Create a data.frame suitable for alluvial graph projection
Source:R/networks_to_alluv.R
networks_to_alluv.Rd
This function creates a data.frame that can be easily plotted with ggalluvial from a list of networks.
Usage
networks_to_alluv(
list_graph = NA,
intertemporal_cluster_column = "intertemporal_name",
node_id = NA,
summary_cl_stats = TRUE,
keep_color = TRUE,
color_column = "color",
keep_cluster_label = TRUE,
cluster_label_column = "cluster_label"
)
Arguments
- list_graph
Your list with all networks
- intertemporal_cluster_column
The column with the identifier of the inter-temporal cluster. If you have used add_clusters() and merge_dynamic_clusters(), it is of the form
dynamic_cluster_{clustering_method}
.- node_id
The column with the unique identifier of each node.
- summary_cl_stats
If set to
TRUE
, the data.frame will contain a list of variable that summarize cluster statistics of the alluvial. These variables can be particularly useful to filter smaller communities when plotting according to different variables:share_cluster_alluv
is the percentage share of a given cluster across all time windows;share_cluster_window
is the percentage share of a given cluster in a given time window;share_cluster_max
is the highest value ofshare_cluster_window
for a given cluster across all individual time windows;length_cluster
is the number of time windows a cluster exists.
- keep_color
Set to
TRUE
(by default) if you want to keep the column with the color associated to the different categories ofintertemporal_cluster_column
. Such a column exists in your list of tibble graphs if you have use color_networks().- color_column
The name of the column with the colors of the categories in
intertemporal_cluster_column
. By default, "color", as it is the column name resulting from the use of color_networks().- keep_cluster_label
Set to
TRUE
if you want to keep the column with a name/label associated to the different categories ofintertemporal_cluster_column
. Such a column exists in your list of tibble graphs if you have use name_clusters().- cluster_label_column
The name of the column with the name/label associated to the categories in
intertemporal_cluster_column
. By default, "cluster_label", as it is the column name resulting from the use of name_clusters().
Examples
library(networkflow)
nodes <- Nodes_stagflation |>
dplyr::rename(ID_Art = ItemID_Ref) |>
dplyr::filter(Type == "Stagflation")
references <- Ref_stagflation |>
dplyr::rename(ID_Art = Citing_ItemID_Ref)

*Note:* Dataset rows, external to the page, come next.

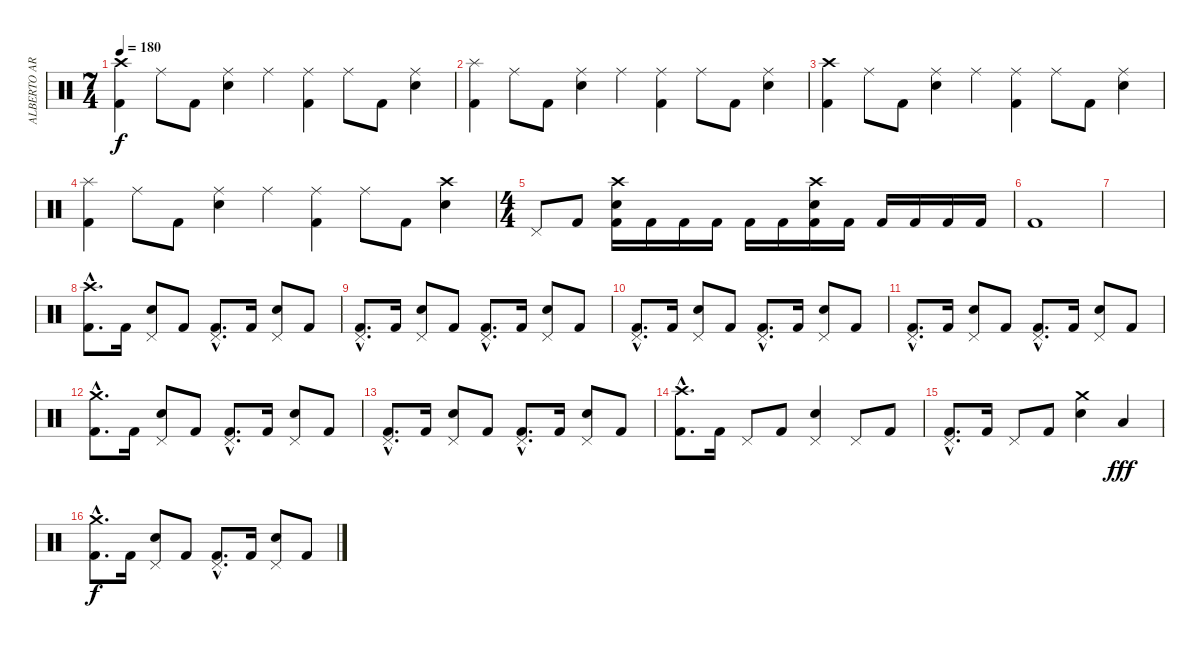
\track ("ALBERTO ARDINES" "ALBERTO AR") {instrument percussion}
\staff {score}
\articulation defaults
\ts (7 4)
\tempo 180
\clef neutral
\ks c
("Crash high (hit)" "Kick (hit) 2").4{dy f} "Ride (middle)".8 "Kick (hit) 2".8 ("Ride (middle)" "Electric Snare (hit)").4 "Ride (middle)".4 ("Ride (middle)" "Kick (hit) 2").4 "Ride (middle)".8 "Kick (hit) 2".8 ("Ride (middle)" "Electric Snare (hit)").4 |
("Splash (hit)" "Kick (hit) 2").4 "Ride (middle)".8 "Kick (hit) 2".8 ("Ride (middle)" "Electric Snare (hit)").4 "Ride (middle)".4 ("Ride (middle)" "Kick (hit) 2").4 "Ride (middle)".8 "Kick (hit) 2".8 ("Ride (middle)" "Electric Snare (hit)").4 |
("Crash high (hit)" "Kick (hit) 2").4 "Ride (middle)".8 "Kick (hit) 2".8 ("Ride (middle)" "Electric Snare (hit)").4 "Ride (middle)".4 ("Ride (middle)" "Kick (hit) 2").4 "Ride (middle)".8 "Kick (hit) 2".8 ("Ride (middle)" "Electric Snare (hit)").4 |
("Splash (hit)" "Kick (hit) 2").4 "Ride (middle)".8 "Kick (hit) 2".8 ("Ride (middle)" "Electric Snare (hit)").4 "Ride (middle)".4 ("Ride (middle)" "Kick (hit) 2").4 "Ride (middle)".8 "Kick (hit) 2".8 ("Crash high (hit)" "Electric Snare (hit)").4 |
\ts (4 4)
"Pedal Hi-Hat (hit)".8 "Kick (hit) 2".8 ("Crash high (hit)" "Electric Snare (hit)" "Kick (hit) 2").16 "Kick (hit) 2".16 "Kick (hit) 2".16 "Kick (hit) 2".16 "Kick (hit) 2".16 "Kick (hit) 2".16 ("Crash high (hit)" "Electric Snare (hit)" "Kick (hit) 2").16 "Kick (hit) 2".16 "Kick (hit) 2".16 "Kick (hit) 2".16 "Kick (hit) 2".16 "Kick (hit) 2".16 |
"Kick (hit) 2".1 |
|
("Crash high (hit)"{hac} "Kick (hit) 2"{hac}).8{d} "Kick (hit) 2".16 ("Pedal Hi-Hat (hit)" "Electric Snare (hit)").8 "Kick (hit) 2".8 ("Pedal Hi-Hat (hit)"{hac} "Kick (hit) 2"{hac}).8{d} "Kick (hit) 2".16 ("Pedal Hi-Hat (hit)" "Electric Snare (hit)").8 "Kick (hit) 2".8 |
("Pedal Hi-Hat (hit)"{hac} "Kick (hit) 2"{hac}).8{d} "Kick (hit) 2".16 ("Pedal Hi-Hat (hit)" "Electric Snare (hit)").8 "Kick (hit) 2".8 ("Pedal Hi-Hat (hit)"{hac} "Kick (hit) 2"{hac}).8{d} "Kick (hit) 2".16 ("Pedal Hi-Hat (hit)" "Electric Snare (hit)").8 "Kick (hit) 2".8 |
("Pedal Hi-Hat (hit)"{hac} "Kick (hit) 2"{hac}).8{d} "Kick (hit) 2".16 ("Pedal Hi-Hat (hit)" "Electric Snare (hit)").8 "Kick (hit) 2".8 ("Pedal Hi-Hat (hit)"{hac} "Kick (hit) 2"{hac}).8{d} "Kick (hit) 2".16 ("Pedal Hi-Hat (hit)" "Electric Snare (hit)").8 "Kick (hit) 2".8 |
("Pedal Hi-Hat (hit)"{hac} "Kick (hit) 2"{hac}).8{d} "Kick (hit) 2".16 ("Pedal Hi-Hat (hit)" "Electric Snare (hit)").8 "Kick (hit) 2".8 ("Pedal Hi-Hat (hit)"{hac} "Kick (hit) 2"{hac}).8{d} "Kick (hit) 2".16 ("Pedal Hi-Hat (hit)" "Electric Snare (hit)").8 "Kick (hit) 2".8 |
("Crash medium (hit)"{hac} "Kick (hit) 2"{hac}).8{d} "Kick (hit) 2".16 ("Pedal Hi-Hat (hit)" "Electric Snare (hit)").8 "Kick (hit) 2".8 ("Pedal Hi-Hat (hit)"{hac} "Kick (hit) 2"{hac}).8{d} "Kick (hit) 2".16 ("Pedal Hi-Hat (hit)" "Electric Snare (hit)").8 "Kick (hit) 2".8 |
("Pedal Hi-Hat (hit)"{hac} "Kick (hit) 2"{hac}).8{d} "Kick (hit) 2".16 ("Pedal Hi-Hat (hit)" "Electric Snare (hit)").8 "Kick (hit) 2".8 ("Pedal Hi-Hat (hit)"{hac} "Kick (hit) 2"{hac}).8{d} "Kick (hit) 2".16 ("Pedal Hi-Hat (hit)" "Electric Snare (hit)").8 "Kick (hit) 2".8 |
("Crash high (hit)"{hac} "Kick (hit) 2"{hac}).8{d} "Kick (hit) 2".16 "Pedal Hi-Hat (hit)".8 "Kick (hit) 2".8 ("Pedal Hi-Hat (hit)" "Electric Snare (hit)").4 "Pedal Hi-Hat (hit)".8 "Kick (hit) 2".8 |
("Pedal Hi-Hat (hit)"{hac} "Kick (hit) 2"{hac}).8{d} "Kick (hit) 2".16 "Pedal Hi-Hat (hit)".8 "Kick (hit) 2".8 ("Crash medium (hit)" "Electric Snare (hit)").4 "Low Tom (hit)".4{dy fff} |
("Crash medium (hit)"{hac} "Kick (hit) 2"{hac}).8{d dy f} "Kick (hit) 2".16 ("Pedal Hi-Hat (hit)" "Electric Snare (hit)").8 "Kick (hit) 2".8 ("Pedal Hi-Hat (hit)"{hac} "Kick (hit) 2"{hac}).8{d} "Kick (hit) 2".16 ("Pedal Hi-Hat (hit)" "Electric Snare (hit)").8 "Kick (hit) 2".8
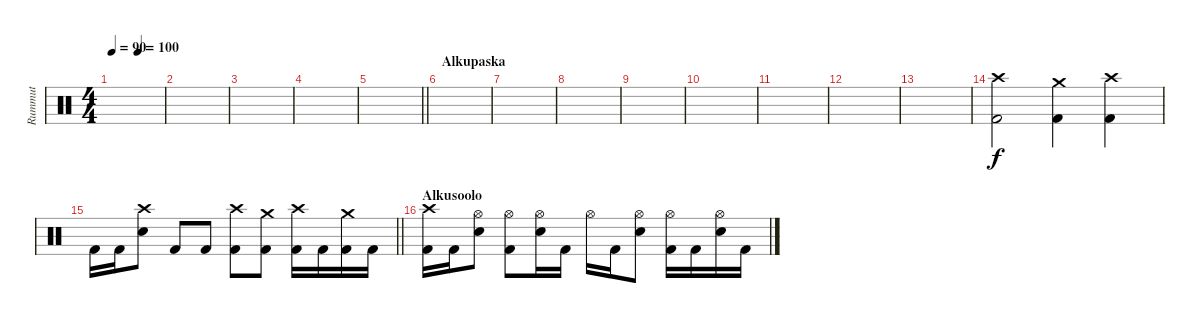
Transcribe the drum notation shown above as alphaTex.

\track ("Rummut" "Rummut") {instrument percussion}
\staff {score}
\articulation defaults
\ts (4 4)
\tempo 90
\tempo 70
\tempo (100 0.5)
\tempo 90
\clef neutral
\ks c
|
|
|
|
\barLineRight lightlight
|
\section ("" "Alkupaska")
|
|
|
|
|
|
|
|
("Crash high (hit)" "Kick (hit) 2").2 ("Crash medium (hit)" "Kick (hit) 2").4 ("Crash high (hit)" "Kick (hit) 2").4 |
\barLineRight lightlight "Kick (hit) 2".16 "Kick (hit) 2".16
("Crash high (hit)" "Snare (hit) 2").8 "Kick (hit) 2".8 "Kick (hit) 2".8 ("Crash high (hit)" "Kick (hit) 2").8 ("Crash medium (hit)" "Kick (hit) 2").8 ("Crash high (hit)" "Kick (hit) 2").16 "Kick (hit) 2".16 ("Crash medium (hit)" "Kick (hit) 2").16 "Kick (hit) 2".16 |
\section ("" "Alkusoolo")
("Crash high (hit)" "Kick (hit) 2").16 "Kick (hit) 2".16 ("Hi-Hat (open)" "Snare (hit) 2").8 ("Hi-Hat (open)" "Kick (hit) 2").8 ("Hi-Hat (open)" "Snare (hit) 2").16 "Kick (hit) 2".16 "Hi-Hat (open)".16 "Kick (hit) 2".16 ("Hi-Hat (open)" "Snare (hit) 2").8 ("Hi-Hat (open)" "Kick (hit) 2").16 "Kick (hit) 2".16 ("Hi-Hat (open)" "Snare (hit) 2").16 "Kick (hit) 2".16
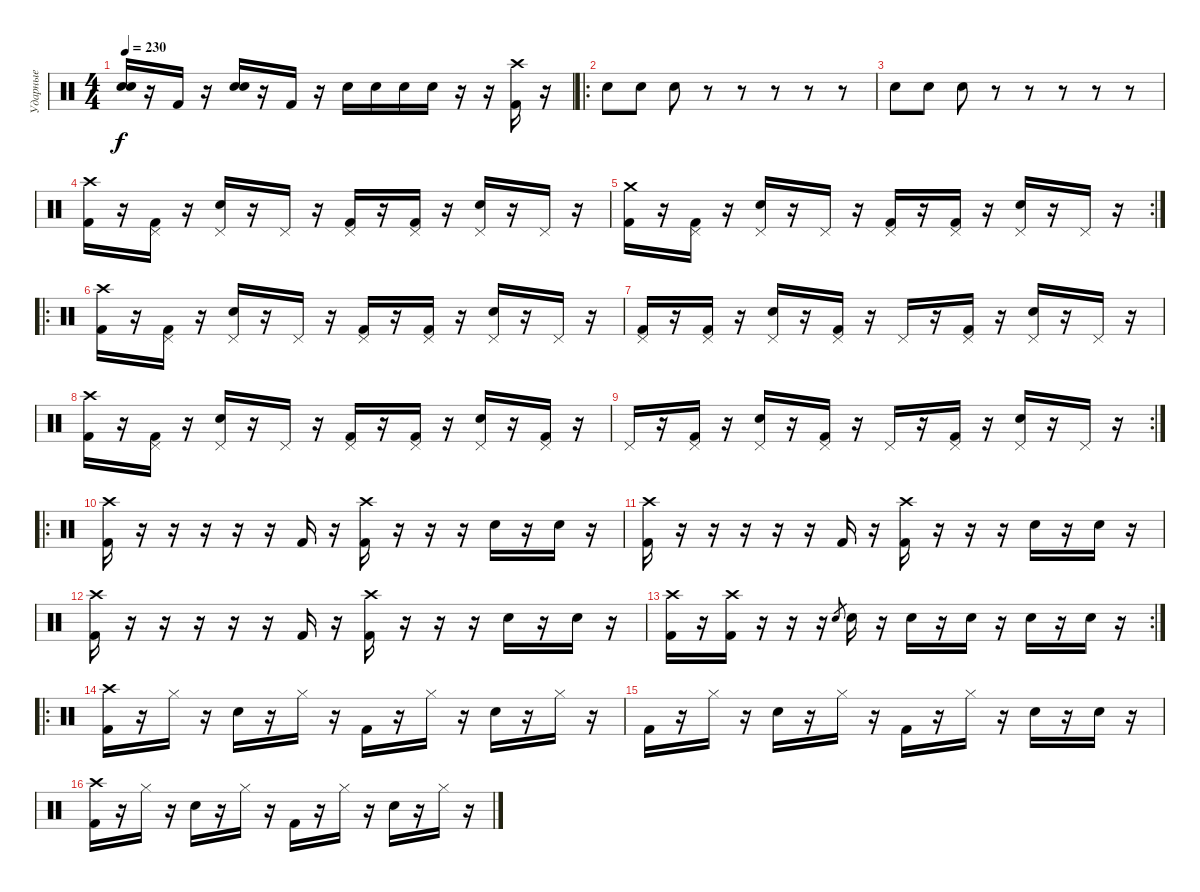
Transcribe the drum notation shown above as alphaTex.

\track ("Ударные" "Ударные") {instrument percussion}
\staff
\articulation defaults
\ts (4 4)
\tempo 230
\clef neutral
\ks c
("Electric Snare (hit)" "Electric Snare (hit)").16{dy f} r.16 "Kick (hit) 2".16 r.16 ("Electric Snare (hit)" "Electric Snare (hit)").16 r.16 "Kick (hit) 2".16 r.16 "Electric Snare (hit)".16 "Electric Snare (hit)".16 "Electric Snare (hit)".16 "Electric Snare (hit)".16 r.16 r.16 ("Crash high (hit)" "Kick (hit) 2").16 r.16 |
\ro "Electric Snare (hit)".8 "Electric Snare (hit)".8 "Electric Snare (hit)".8
r.8 r.8 r.8 r.8 r.8 |
"Electric Snare (hit)".8 "Electric Snare (hit)".8 "Electric Snare (hit)".8 r.8 r.8 r.8 r.8 r.8 |
("Crash high (hit)" "Kick (hit) 2").16 r.16 ("Pedal Hi-Hat (hit)" "Kick (hit) 2").16 r.16 ("Pedal Hi-Hat (hit)" "Electric Snare (hit)").16 r.16 "Pedal Hi-Hat (hit)".16 r.16 ("Pedal Hi-Hat (hit)" "Kick (hit) 2").16 r.16 ("Pedal Hi-Hat (hit)" "Kick (hit) 2").16 r.16 ("Pedal Hi-Hat (hit)" "Electric Snare (hit)").16 r.16 "Pedal Hi-Hat (hit)".16 r.16 |
\rc 2
("Crash medium (hit)" "Kick (hit) 2").16 r.16 ("Pedal Hi-Hat (hit)" "Kick (hit) 2").16 r.16 ("Pedal Hi-Hat (hit)" "Electric Snare (hit)").16 r.16 "Pedal Hi-Hat (hit)".16 r.16 ("Pedal Hi-Hat (hit)" "Kick (hit) 2").16 r.16 ("Pedal Hi-Hat (hit)" "Kick (hit) 2").16 r.16 ("Pedal Hi-Hat (hit)" "Electric Snare (hit)").16 r.16 "Pedal Hi-Hat (hit)".16 r.16 |
\ro
("Crash high (hit)" "Kick (hit) 2").16 r.16 ("Pedal Hi-Hat (hit)" "Kick (hit) 2").16 r.16 ("Pedal Hi-Hat (hit)" "Electric Snare (hit)").16 r.16 "Pedal Hi-Hat (hit)".16 r.16 ("Pedal Hi-Hat (hit)" "Kick (hit) 2").16 r.16 ("Pedal Hi-Hat (hit)" "Kick (hit) 2").16 r.16 ("Pedal Hi-Hat (hit)" "Electric Snare (hit)").16 r.16 "Pedal Hi-Hat (hit)".16 r.16 |
("Pedal Hi-Hat (hit)" "Kick (hit) 2").16 r.16 ("Pedal Hi-Hat (hit)" "Kick (hit) 2").16 r.16 ("Pedal Hi-Hat (hit)" "Electric Snare (hit)").16 r.16 ("Pedal Hi-Hat (hit)" "Kick (hit) 2").16 r.16 "Pedal Hi-Hat (hit)".16 r.16 ("Pedal Hi-Hat (hit)" "Kick (hit) 2").16 r.16 ("Pedal Hi-Hat (hit)" "Electric Snare (hit)").16 r.16 "Pedal Hi-Hat (hit)".16 r.16 |
("Crash high (hit)" "Kick (hit) 2").16 r.16 ("Pedal Hi-Hat (hit)" "Kick (hit) 2").16 r.16 ("Pedal Hi-Hat (hit)" "Electric Snare (hit)").16 r.16 "Pedal Hi-Hat (hit)".16 r.16 ("Pedal Hi-Hat (hit)" "Kick (hit) 2").16 r.16 ("Pedal Hi-Hat (hit)" "Kick (hit) 2").16 r.16 ("Pedal Hi-Hat (hit)" "Electric Snare (hit)").16 r.16 ("Pedal Hi-Hat (hit)" "Kick (hit) 2").16 r.16 |
\rc 2 "Pedal Hi-Hat (hit)".16
r.16 ("Pedal Hi-Hat (hit)" "Kick (hit) 2").16 r.16 ("Pedal Hi-Hat (hit)" "Electric Snare (hit)").16 r.16 ("Pedal Hi-Hat (hit)" "Kick (hit) 2").16 r.16 "Pedal Hi-Hat (hit)".16 r.16 ("Pedal Hi-Hat (hit)" "Kick (hit) 2").16 r.16 ("Pedal Hi-Hat (hit)" "Electric Snare (hit)").16 r.16 "Pedal Hi-Hat (hit)".16 r.16 |
\ro
("Crash high (hit)" "Kick (hit) 2").16 r.16 r.16 r.16 r.16 r.16 "Kick (hit) 2".16 r.16 ("Crash high (hit)" "Kick (hit) 2").16 r.16 r.16 r.16 "Electric Snare (hit)".16 r.16 "Electric Snare (hit)".16 r.16 |
("Crash high (hit)" "Kick (hit) 2").16 r.16 r.16 r.16 r.16 r.16 "Kick (hit) 2".16 r.16 ("Crash high (hit)" "Kick (hit) 2").16 r.16 r.16 r.16 "Electric Snare (hit)".16 r.16 "Electric Snare (hit)".16 r.16 |
("Crash high (hit)" "Kick (hit) 2").16 r.16 r.16 r.16 r.16 r.16 "Kick (hit) 2".16 r.16 ("Crash high (hit)" "Kick (hit) 2").16 r.16 r.16 r.16 "Electric Snare (hit)".16 r.16 "Electric Snare (hit)".16 r.16 |
\rc 2
("Crash high (hit)" "Kick (hit) 2").16 r.16 ("Crash high (hit)" "Kick (hit) 2").16 r.16 r.16 r.16 "Electric Snare (hit)".8{gr} "Electric Snare (hit)".16 r.16 "Electric Snare (hit)".16 r.16 "Electric Snare (hit)".16 r.16 "Electric Snare (hit)".16 r.16 "Electric Snare (hit)".16 r.16 |
\ro
("Crash high (hit)" "Kick (hit) 2").16 r.16 "Hi-Hat (closed)".16 r.16 "Electric Snare (hit)".16 r.16 "Hi-Hat (closed)".16 r.16 "Kick (hit) 2".16 r.16 "Hi-Hat (closed)".16 r.16 "Electric Snare (hit)".16 r.16 "Hi-Hat (closed)".16 r.16 |
"Kick (hit) 2".16 r.16 "Hi-Hat (closed)".16 r.16 "Electric Snare (hit)".16 r.16 "Hi-Hat (closed)".16 r.16 "Kick (hit) 2".16 r.16 "Hi-Hat (closed)".16 r.16 "Electric Snare (hit)".16 r.16 "Electric Snare (hit)".16 r.16 |
("Crash high (hit)" "Kick (hit) 2").16 r.16 "Hi-Hat (closed)".16 r.16 "Electric Snare (hit)".16 r.16 "Hi-Hat (closed)".16 r.16 "Kick (hit) 2".16 r.16 "Hi-Hat (closed)".16 r.16 "Electric Snare (hit)".16 r.16 "Hi-Hat (closed)".16 r.16

temporal_networks <- build_dynamic_networks(nodes = nodes,
directed_edges = references,
source_id = "ID_Art",
target_id = "ItemID_Ref",
time_variable = "Year",
cooccurrence_method = "coupling_similarity",
time_window = 20,
edges_threshold = 1,
overlapping_window = TRUE,
filter_components = TRUE,
verbose = FALSE)
temporal_networks <- add_clusters(temporal_networks,
objective_function = "modularity",
clustering_method = "leiden",
verbose = FALSE)
temporal_networks <- merge_dynamic_clusters(temporal_networks,
cluster_id = "cluster_leiden",
node_id = "ID_Art",
threshold_similarity = 0.51,
similarity_type = "partial")
temporal_networks <- name_clusters(graphs = temporal_networks,
method = "tf-idf",
name_merged_clusters = TRUE,
cluster_id = "dynamic_cluster_leiden",
text_columns = "Title",
nb_terms_label = 5,
clean_word_method = "lemmatise")
#> Warning: Invalid .internal.selfref detected and fixed by taking a (shallow) copy of the data.table so that := can add this new column by reference. At an earlier point, this data.table has been copied by R (or was created manually using structure() or similar). Avoid names<- and attr<- which in R currently (and oddly) may copy the whole data.table. Use set* syntax instead to avoid copying: ?set, ?setnames and ?setattr. If this message doesn't help, please report your use case to the data.table issue tracker so the root cause can be fixed or this message improved.
#> Error in mutate(d_tmp, ...): ℹ In argument: `cluster_label = ifelse(is.na(eval(ensym(label_name))),
#> "no_name", eval(ensym(label_name)))`.
#> Caused by error in `ensym()`:
#> ! could not find function "ensym"
temporal_networks <- color_networks(graphs = temporal_networks,
column_to_color = "dynamic_cluster_leiden",
color = NULL)
#> ℹ unique_color_across_list has been set to FALSE. There are 16 different categories to color.
#> ℹ color is neither a vector of color characters, nor a data.frame. We will proceed with base R colors.
#> ℹ We draw 7 colors from the ggplot2 palette and 7 from the Okabe-Ito palette. As more than 14 colors are needed, the colors will be recycled.
alluv_dt <- networks_to_alluv(temporal_networks,
intertemporal_cluster_column = "dynamic_cluster_leiden",
node_id = "ID_Art")
#> ℹ The column "cluster_label" does not exist in the list of graphs provided. No name kept for clusters.
alluv_dt[1:5]
#> dynamic_cluster_leiden window ID_Art color share_cluster_alluv
#> <char> <char> <char> <char> <num>
#> 1: cl_1 1975-1994 16182155 #56B4E9 6.14
#> 2: cl_1 1975-1994 26283591 #56B4E9 6.14
#> 3: cl_1 1975-1994 31895842 #56B4E9 6.14
#> 4: cl_1 1975-1994 1111111131 #56B4E9 6.14
#> 5: cl_1 1975-1994 1111111150 #56B4E9 6.14
#> share_cluster_window share_cluster_max length_cluster y_alluv
#> <num> <num> <int> <num>
#> 1: 17.57 18.31 7 0.01351351
#> 2: 17.57 18.31 7 0.01351351
#> 3: 17.57 18.31 7 0.01351351
#> 4: 17.57 18.31 7 0.01351351
#> 5: 17.57 18.31 7 0.01351351